Literary studies have an indispensable place at a department that offers education and conducts research within many language and cultural areas. Our literary scholars, active within English, French, German, Italian, Russian, and Spanish, have an interest in international authorships and in a large number of genres and modes spanning from the medieval period until today.

Several researchers are interested in didactic aspects: how literature is used in the classroom. We commonly work in individually designed projects, but are often joined by theoretical or methodological approaches, and the higher seminar constitutes a dynamic research environment.

Below you can read more about the areas our researchers are active within.

Genre, form and language

The materials we work with include most classical and popular genres and media formats: Victorian novels, travelogues, medieval religious writings, historical and contemporary advice books, speculative fiction, gothic fiction, and crime fiction, disseminated in written form, film or television.

Historical and contemporary sources and several language areas mean possibilities to examine how texts move between different eras and cultures, for example via analyses of translation processes comprising not only the actual text, but also cultural structures. How different forms of texts generate new versions is also an area of interest, as is how both local and global themes and structures function, transform and evolve.

Several researchers are well-established within the field of crime-fiction, and then especially within the sub-category Nordic Noir. In particular, discussions pertain to questions of abuse and the link between the crime-genre and the dismantling of the Swedish welfare state.

The interest in what happens in the meeting between a narrative and its readers or viewers, and how this meeting can result in different types of participatory activities, is visible in several researchers' work within fan studies, with special attention paid to fan fiction. Fan fiction starts from, or enters into a dialogue with an already existing fictional universe. Fanfic authors fill in background, develop gaps in the narrative, or counter the original story all together. Fanfics are published online and readers are free to comment, which means an additional interpretative step. Our researchers contribute knowledge about this dynamic text form and the role it plays in the literary landscape of today.

Gender, sexualities and queer studies

A gender perspective is included in the majority of our projects and discussions often start from the view of gender as a social construct. Our researchers work with fiction from different eras, and examine how power relationships between characters is often linked to an implicit gender structure, despite that many such works on the surface appear to problematize traditional conceptual categories. Non-fiction is also used as empirical material in discussions about how gender norms are negotiated and altered.

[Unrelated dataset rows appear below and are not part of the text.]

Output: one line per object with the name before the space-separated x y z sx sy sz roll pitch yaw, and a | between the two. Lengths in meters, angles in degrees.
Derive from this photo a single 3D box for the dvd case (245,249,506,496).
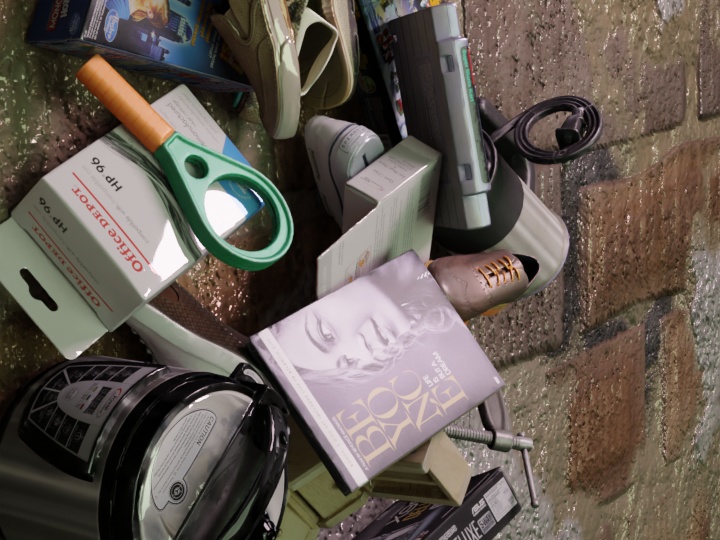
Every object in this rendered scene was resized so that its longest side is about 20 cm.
dvd case | 0.018 0.079 1.103 0.200 0.016 0.149 -28 81 -38

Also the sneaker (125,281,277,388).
sneaker | -0.148 0.070 1.053 0.200 0.085 0.073 40 17 -28

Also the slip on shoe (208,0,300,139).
slip on shoe | -0.088 -0.198 1.015 0.060 0.076 0.201 -11 117 -12

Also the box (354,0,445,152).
box | 0.039 -0.232 1.297 0.137 0.040 0.200 -48 129 -41

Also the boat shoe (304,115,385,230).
boat shoe | -0.004 -0.082 1.227 0.074 0.067 0.200 -47 153 -19

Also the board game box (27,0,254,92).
board game box | -0.144 -0.229 1.031 0.200 0.062 0.201 30 70 -52

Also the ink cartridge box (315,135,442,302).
ink cartridge box | 0.000 0.000 1.198 0.176 0.045 0.200 -40 150 -34

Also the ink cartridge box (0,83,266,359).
ink cartridge box | -0.172 -0.039 0.971 0.116 0.068 0.200 50 48 -5

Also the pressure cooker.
pressure cooker | -0.147 0.153 0.952 0.178 0.200 0.176 -3 97 -53

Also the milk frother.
milk frother | 0.173 -0.078 1.353 0.188 0.200 0.181 39 71 -49

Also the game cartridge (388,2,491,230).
game cartridge | 0.074 -0.139 1.201 0.038 0.130 0.201 -13 98 -19

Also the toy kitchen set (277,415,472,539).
toy kitchen set | -0.043 0.206 1.113 0.163 0.180 0.200 53 49 -41

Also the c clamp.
c clamp | 0.080 0.136 1.276 0.199 0.027 0.171 16 40 -15

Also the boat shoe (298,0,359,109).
boat shoe | -0.043 -0.243 1.168 0.065 0.073 0.201 -22 106 -77

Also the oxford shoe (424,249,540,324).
oxford shoe | 0.115 0.006 1.259 0.071 0.073 0.200 62 25 8

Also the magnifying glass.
magnifying glass | -0.129 -0.080 0.965 0.200 0.022 0.080 44 48 -9

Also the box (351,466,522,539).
box | 0.042 0.272 1.254 0.200 0.158 0.050 -32 94 -47

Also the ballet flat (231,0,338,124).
ballet flat | -0.053 -0.219 1.113 0.075 0.068 0.201 12 102 -11

Gender, feminist and masculinity studies are applied in analyses of what is represented as male, female and queer in literature, and several researchers have a specific focus on images of father- and motherhood, of family constellations, and of children, and highlight discourses that have determined and determine what is perceived as ideal or "natural" characteristics, as well as how these cultural constructions can be questioned. The gender coding of geographical places are also analyzed, often with a focus on forms of resistance against categorization.

Speculative fiction

The imagined future interests many of us and literature plays a key role not only as a test bed for innovations and new societies, but also as documentation of both past and present fears and hopes. Ethical questions connected to images of future societies, and how fiction can encourage critical reflection of contemporaneity, are questions that engage several researchers.

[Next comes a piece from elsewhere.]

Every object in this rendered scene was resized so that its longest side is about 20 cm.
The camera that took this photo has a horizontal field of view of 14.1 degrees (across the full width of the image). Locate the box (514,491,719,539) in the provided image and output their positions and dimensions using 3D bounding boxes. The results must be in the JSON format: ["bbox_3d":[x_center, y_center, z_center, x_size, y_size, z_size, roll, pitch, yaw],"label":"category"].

From different starting points, we examine how dystopias or apocalypses are represented in fiction. Analyses are often focused on how, real-world global developments have consequences for the environment, and how this is relayed in different text forms from popular culture horror to ecopoetry. Another line of enquiry focuses on the effect the apocalypse has on the construction of societies, communities and human relationships.

Place and environment

Both literal and figurative places are examined from a number of perspectives. There is a broad interest in travelogues from different time periods and cultures, and our researchers also analyze images of particular geographical areas. Place can also be perceived of as more abstract, for example as a trope in poetry, and this area also encompasses projects that in various ways deal with spatial and temporal movements.

Representations of the North and the Arctic in expedition narratives and fiction have been and continue to be prominent in the Department's research. Some of our researchers have examined the conceptualization of "north" and "northerness" from a historical perspective, a conceptualization which varies greatly depending on the location and cultural sensibility of who is writing.


But we also look at more delimited places such as the home in Victorian literature, and confined spaces and labyrinths in the Gothic. In these discussions, place acquires a special meaning as characters move through places or from one place to another, movements that have consequences for identity, belonging or alienation.


Several ongoing studies at the department have a connection with the green humanities. Through eco-critical readings of fiction and poetry, we highlight both place-specific and global consequences of human influence on nature, in particular in the form of anthropogenic climate change. Our researchers also investigate how climate fiction gesture to older forms of religion.

The body, affect and cognition

We analyze how fiction in different genres and media depict both human and other-than-human bodies, often with a strong connection to gender and sexualities.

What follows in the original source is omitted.